Pendant un temps, la complexité technologique
contient le développement de nouvelles pratiques accentué
par une course à la qualité absolue. Mais lorsqu'une
qualité individuelle suffisante est atteinte, les fondements
du système peuvent-ils perdurer ? A ce jeu Netscape
a en partie déposé les armes dans la bataille
des navigateurs. Plus personne n'imagine devoir payer pour
naviguer sur le Web. Qu'en sera-t-il demain des systèmes
d'exploitation lorsqu'un environnement comme Linux répondra
à des exigences de performance et une simplicité
d’usage équivalentes à un système comme
MacOs ou Windows ?
Le développement des médias
interactifs semblent avoir sérieusement affecté
les modèles monopolistiques. Nous sommes dans l'ère
de la personnalisation dont l'offre de services permet encore
de compenser économiquement la perte de plus value
sur le produit lui-même. En même temps la personnalisation
expose obligatoirement à la tentation de l'individualisation.
En quoi le système socio-économique pourra-t-il
y résister sans formaliser de nouveaux modèles
collaboratifs ou coopératifs ?
En 1969, le groupe des Who proposait une
fable en forme d’un opéra-rock du nom de Tommy.
Tommy est l’histoire d’un jeune garçon qui à
la suite d’un choc émotionnel devient sourd, aveugle
et muet. Il sortira de sa torpeur à l’aide de deux
objets : un flipper et un miroir magique. Par le flipper,
qu’il pratique à l’intuition, il acquiert un savoir
faire, une personnalité au regard des autres. Le miroir
est l’endroit où il découvre son image malgré
sa cécité. En poursuivant son image dans le
miroir et en brisant ce dernier, il se libérera. Sa
célébrité (il est champion du monde de
flipper) et le miracle de ses sens retrouvés font de
lui un nouveau messie. Les gens accourent du monde entier
pour suivre son exemple. Alors son entourage organise un camp
où chacun peut s’offrir contre monnaie sonnante et
trébuchante le kit de la révélation pour
revivre les mêmes sensations que Tommy, son expérience.

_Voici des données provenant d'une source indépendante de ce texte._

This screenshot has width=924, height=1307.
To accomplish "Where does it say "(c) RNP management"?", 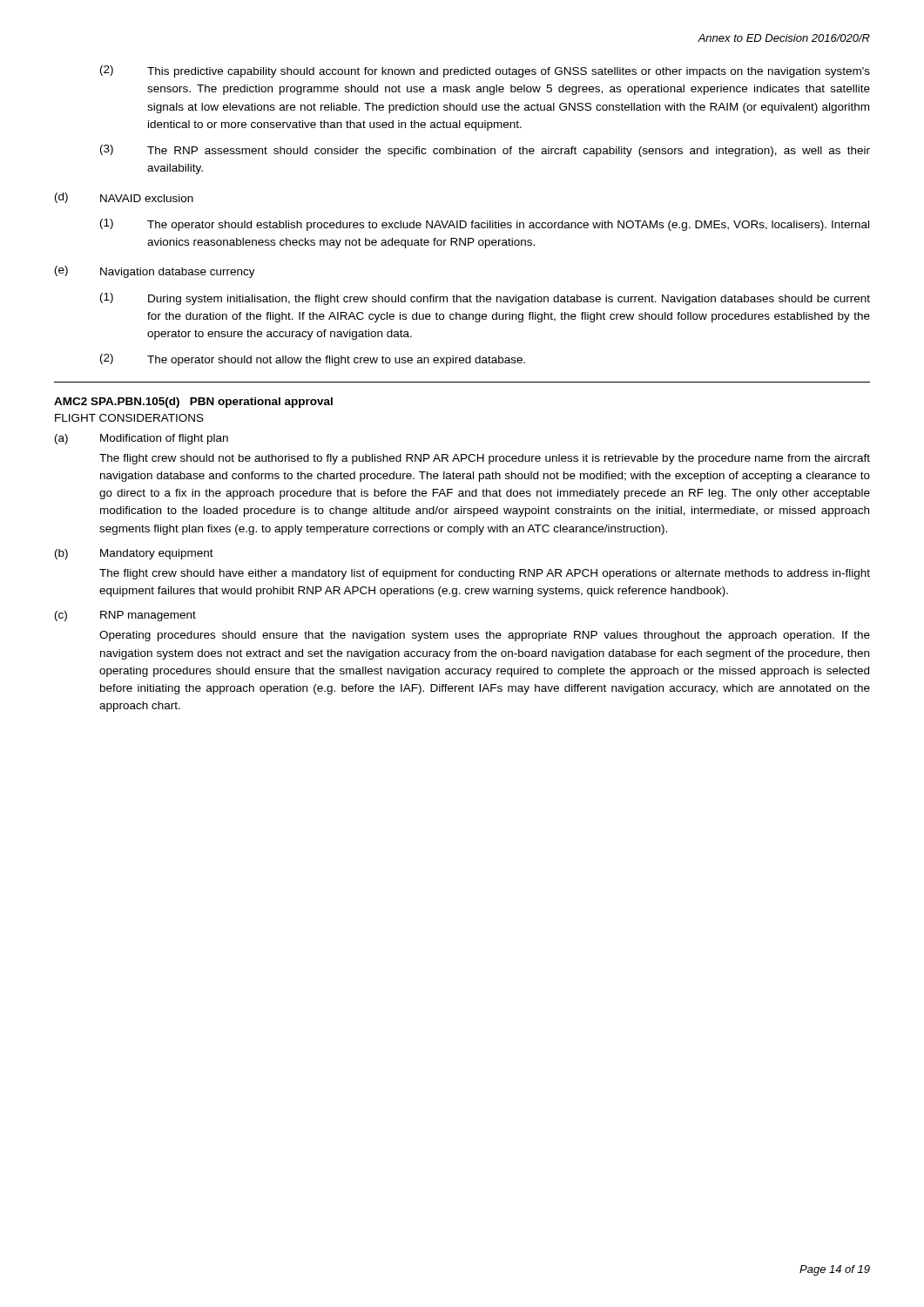I will [x=125, y=616].
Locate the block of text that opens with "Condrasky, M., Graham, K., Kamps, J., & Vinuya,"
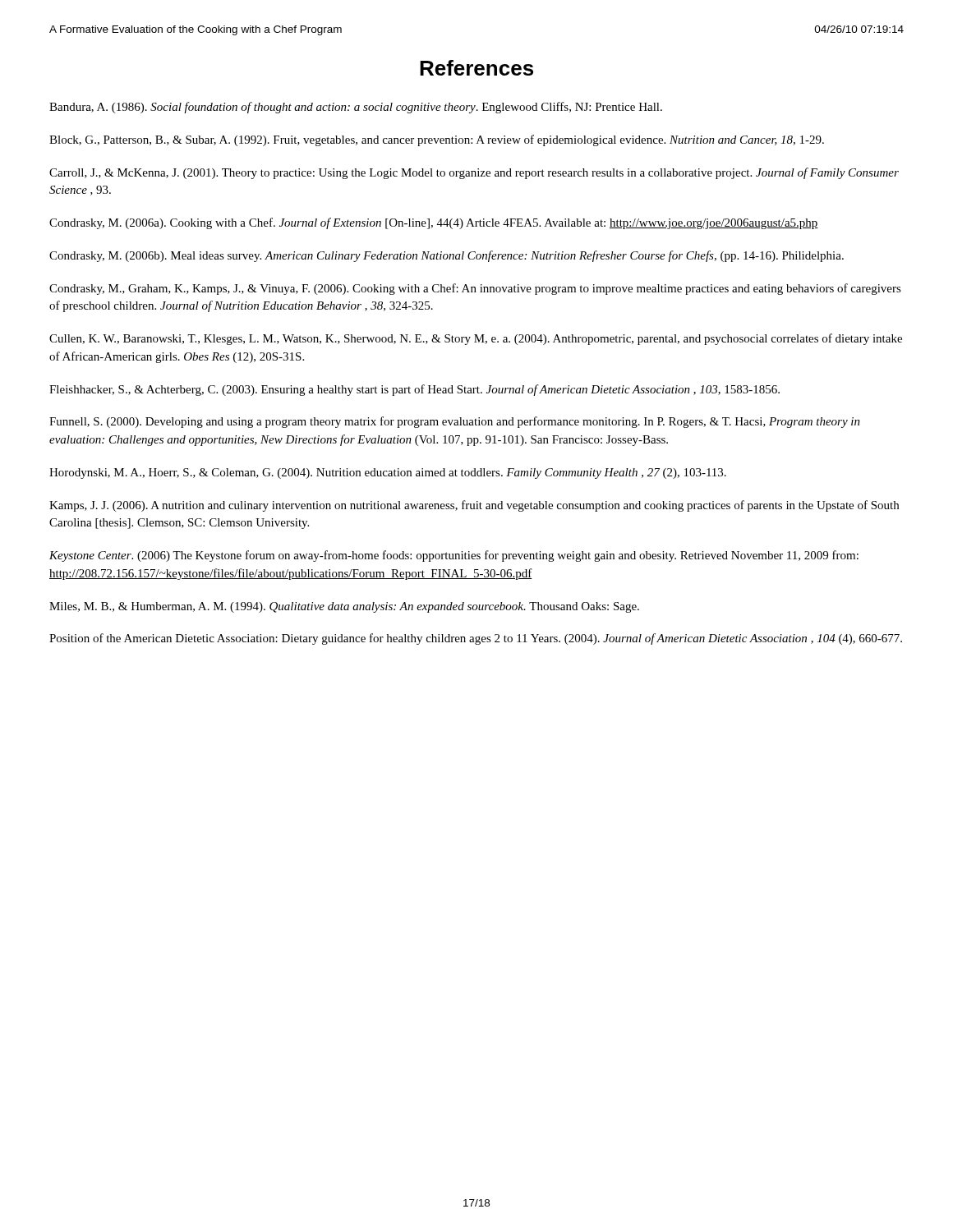The height and width of the screenshot is (1232, 953). click(475, 297)
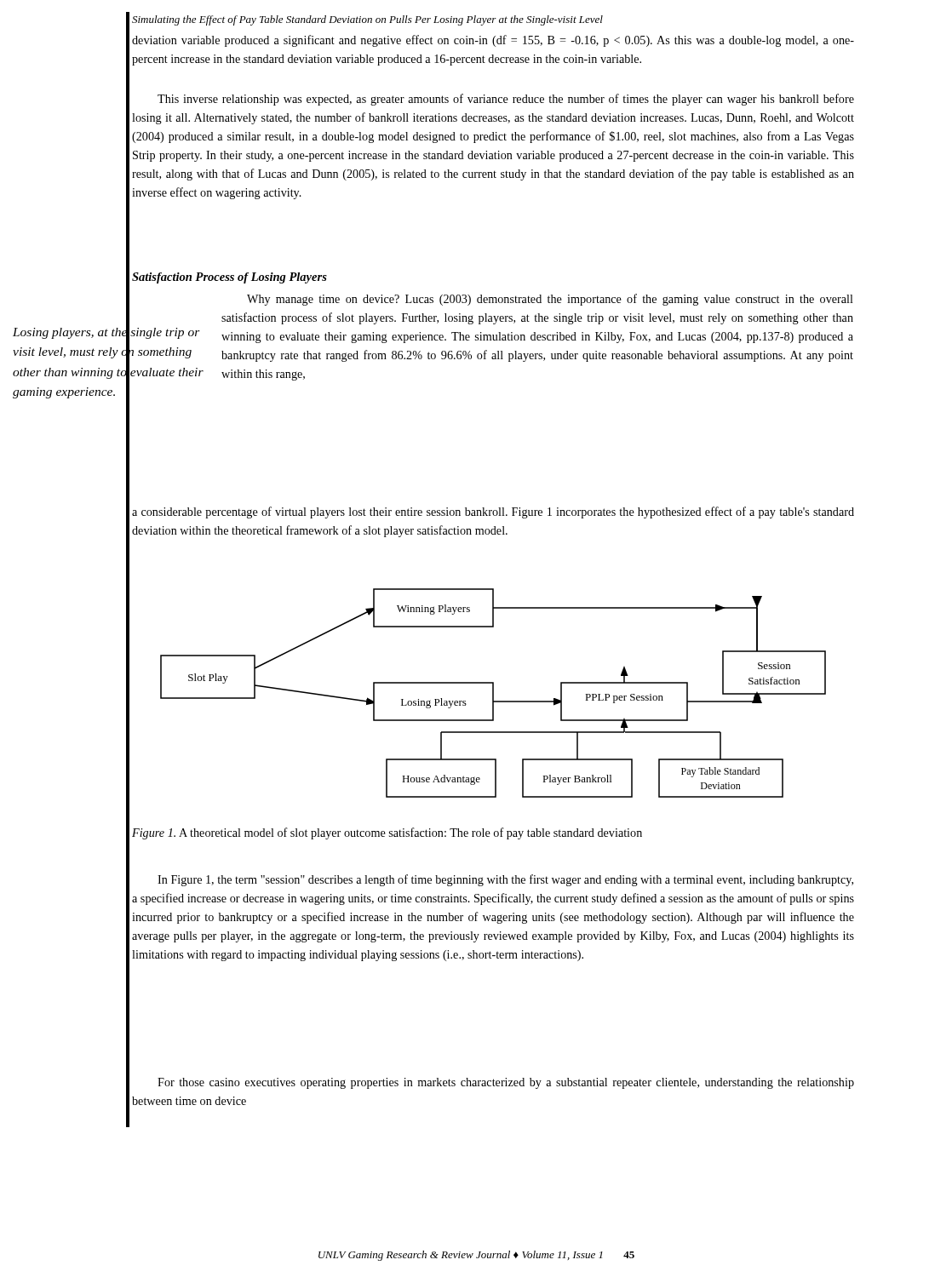Click the passage that begins "a considerable percentage of"
The image size is (952, 1277).
point(493,521)
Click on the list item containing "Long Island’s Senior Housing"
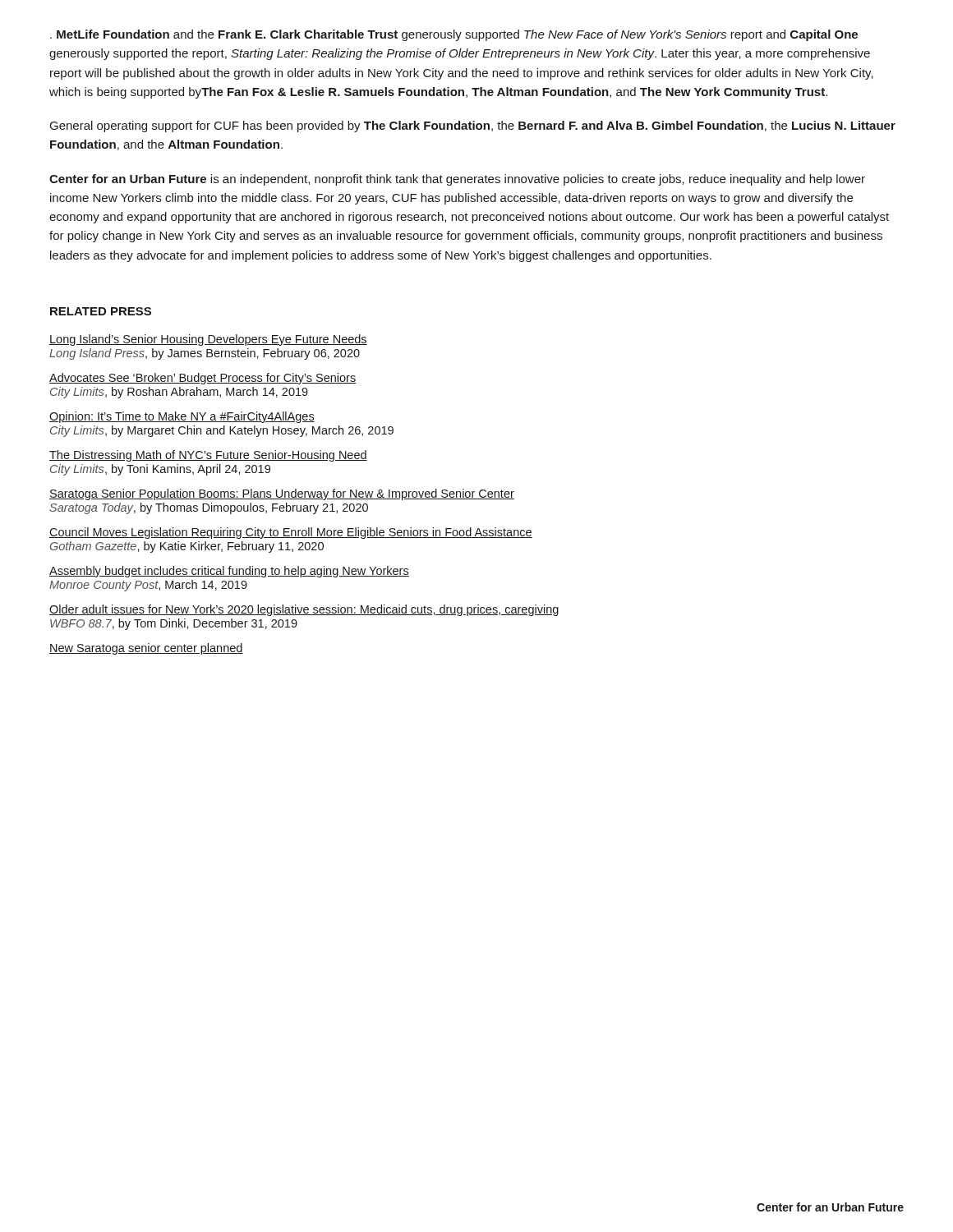Image resolution: width=953 pixels, height=1232 pixels. [x=208, y=340]

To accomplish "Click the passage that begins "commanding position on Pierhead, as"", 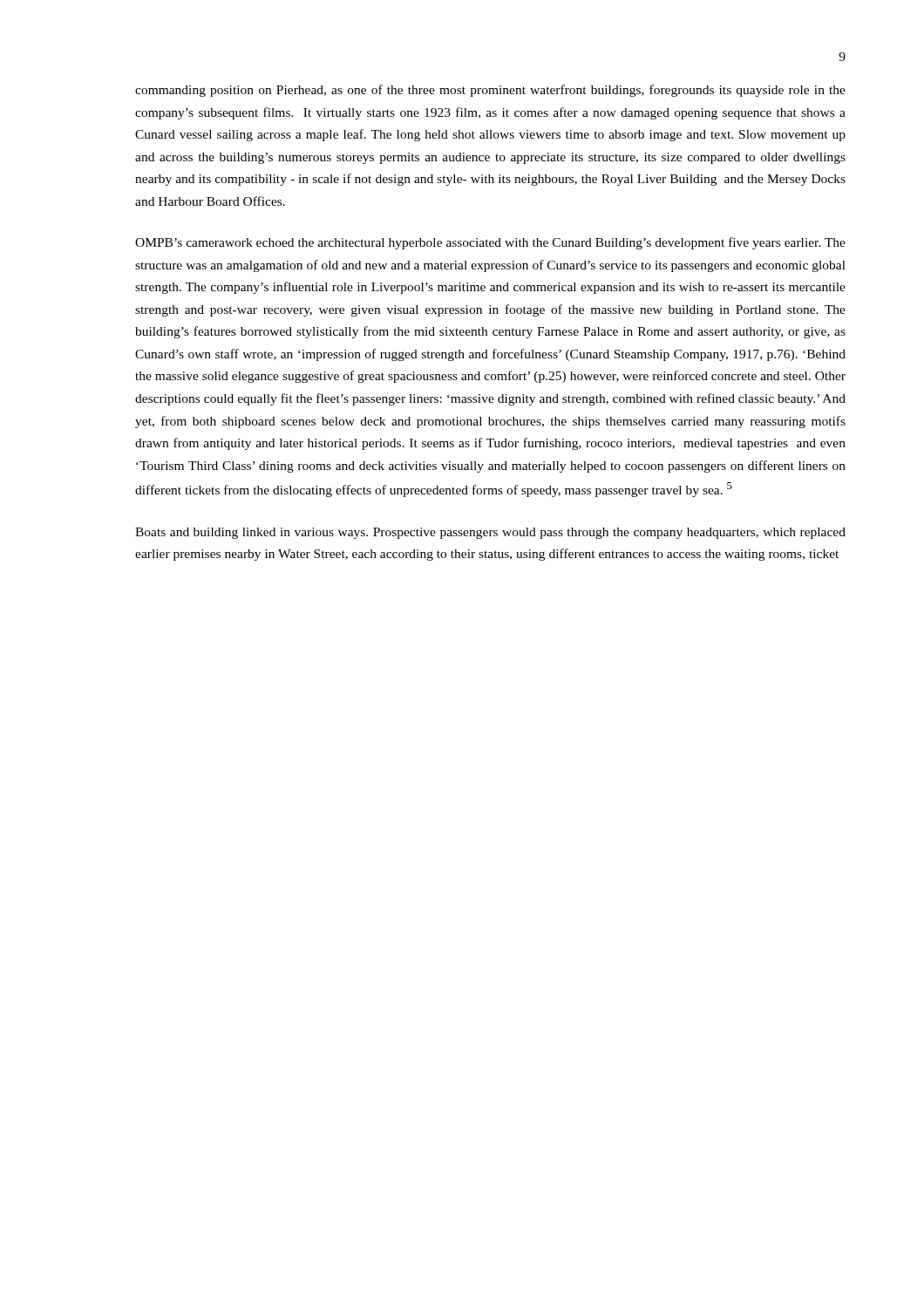I will point(490,145).
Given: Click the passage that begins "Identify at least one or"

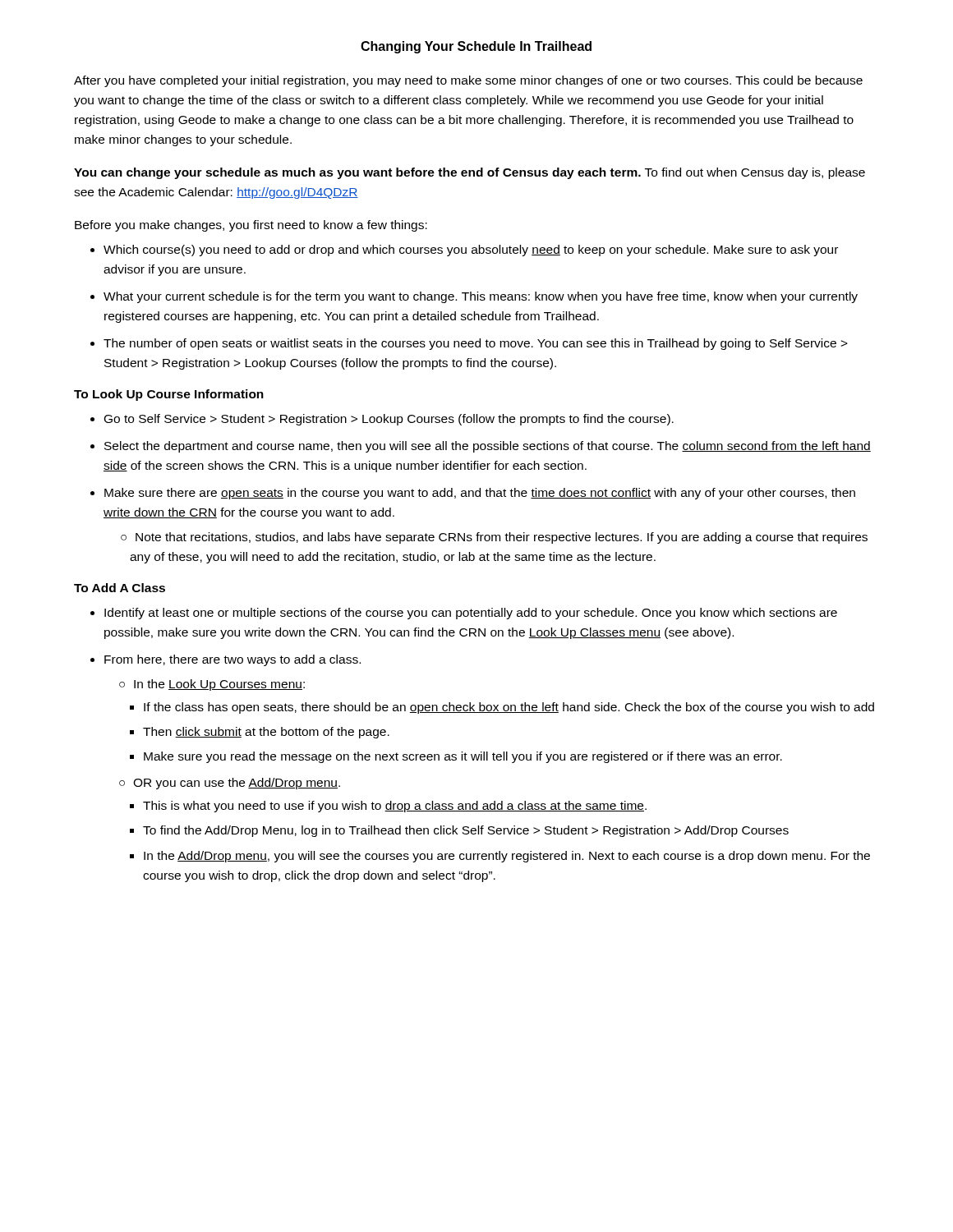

Mais c’est un échec, l’expérience
de Tommy peut se partager, mais elle ne peut pas se vendre
ou se donner telle qu’elle.
Par cette métaphore qui reprend plusieurs
thèmes de cette monographie, nous souhaitons faire
partager un désir sur le regard que nous portons sur
les médiations interactives. Il n’y a pas une vision
des médiations interactives mais de multiples points
de vue à adopter.
Les outils de la pensée ont transformé
à chaque époque notre rapport aux autres et
au monde. Au travers et sur eux les différentes civilisations
se sont réorganisées. Les technologies de médiations
interactives sont l’émergence d’une révolution
technologique, reflets d'une évolution culturelle.